● **What you will do**
Print the records below exactly, from the line containing "5.4 s after image 1." down to the line containing "10.2 s after image 1.", both lines included, and omit every picture.

● **Stored data**
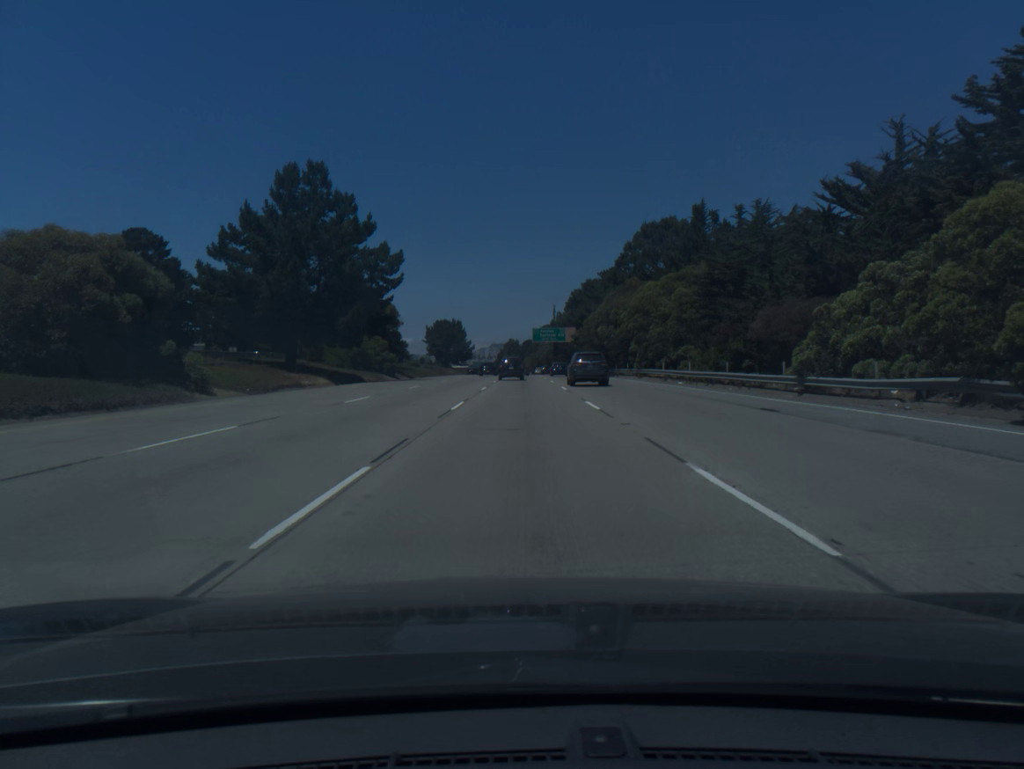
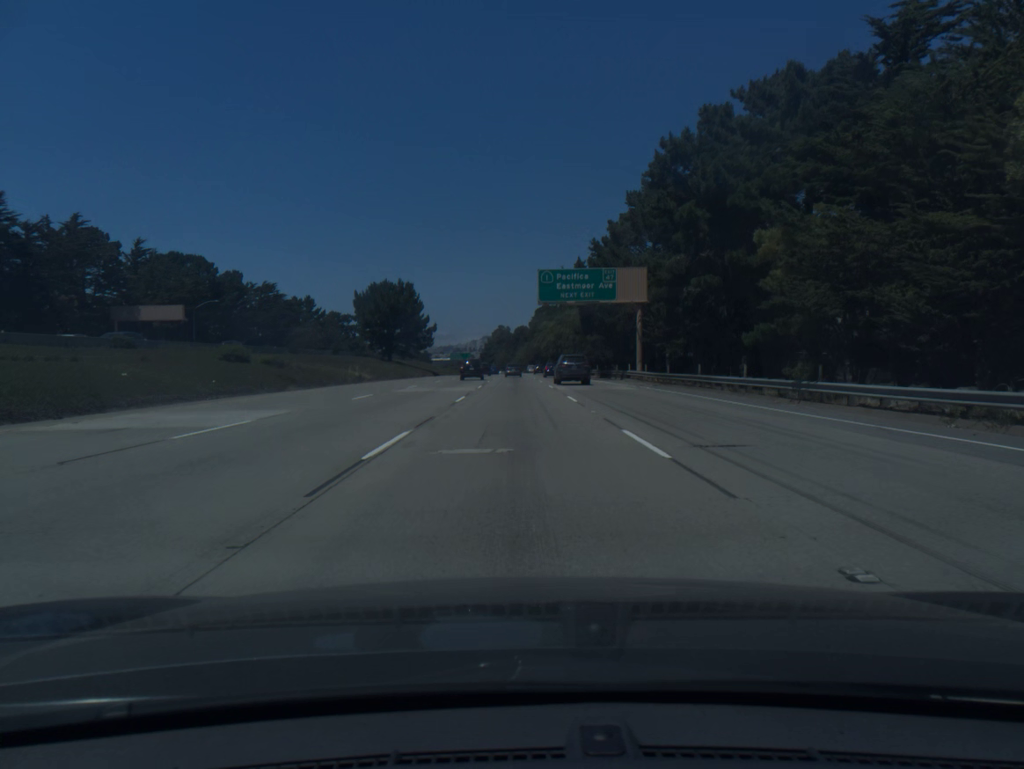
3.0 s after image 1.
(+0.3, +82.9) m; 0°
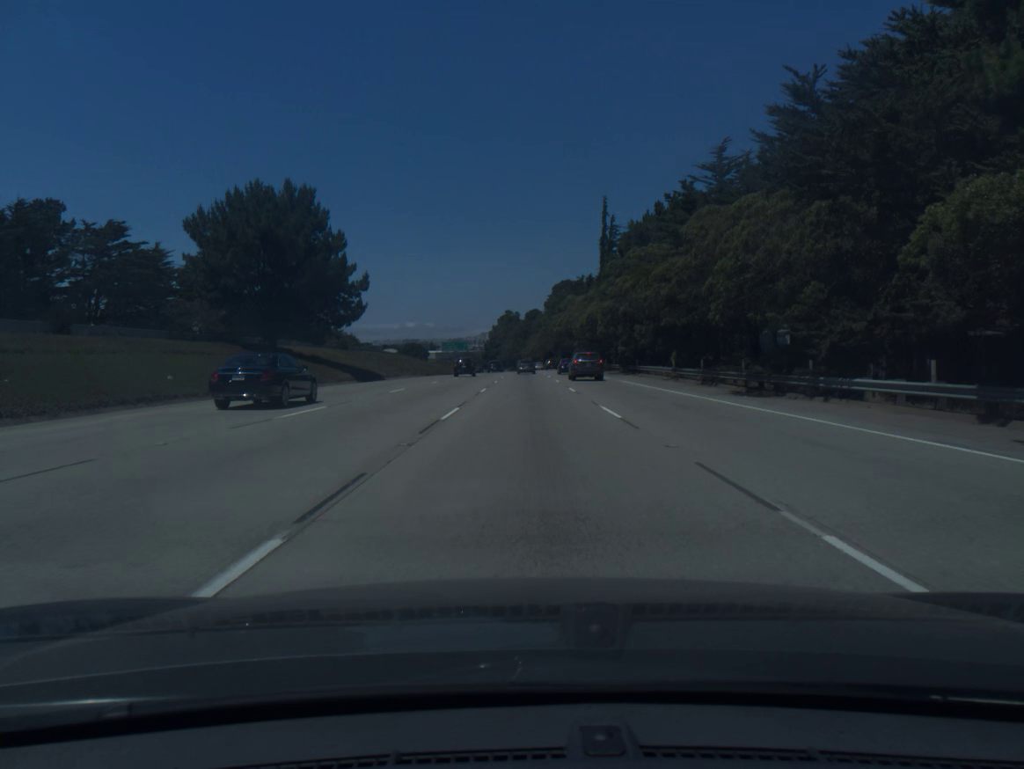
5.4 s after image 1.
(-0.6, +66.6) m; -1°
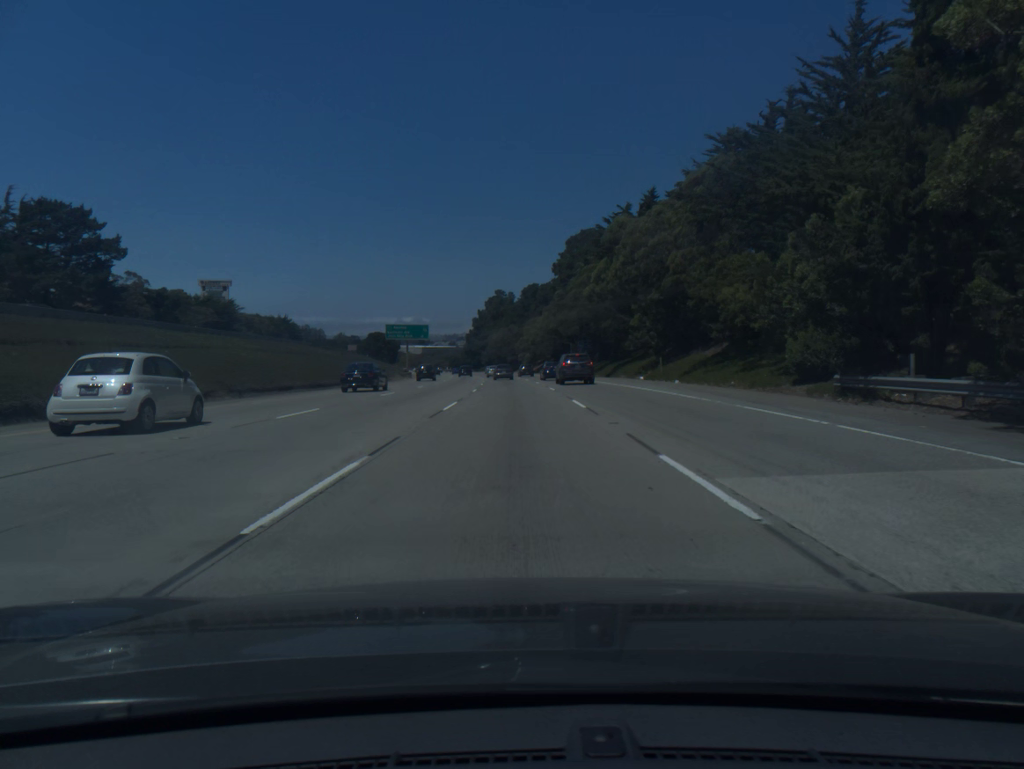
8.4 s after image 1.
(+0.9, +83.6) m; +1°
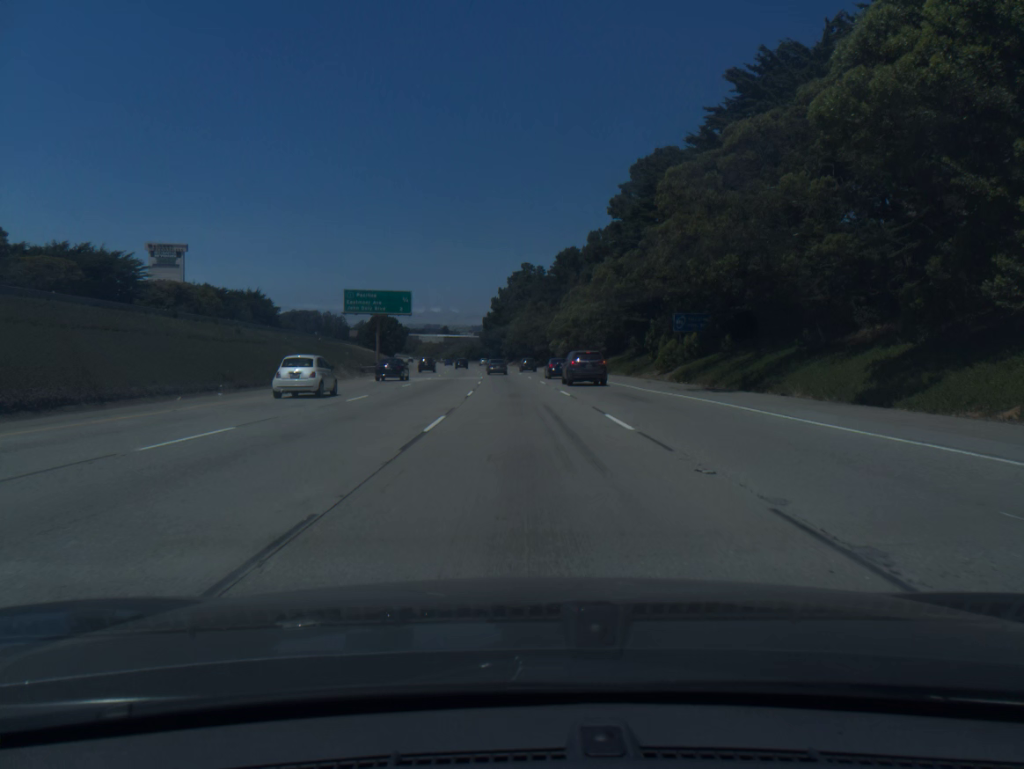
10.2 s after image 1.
---
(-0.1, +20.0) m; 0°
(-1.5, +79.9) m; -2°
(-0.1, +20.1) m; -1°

● **Solution to this problem**
5.4 s after image 1.
(-0.6, +66.6) m; -1°
8.4 s after image 1.
(+0.9, +83.6) m; +1°
10.2 s after image 1.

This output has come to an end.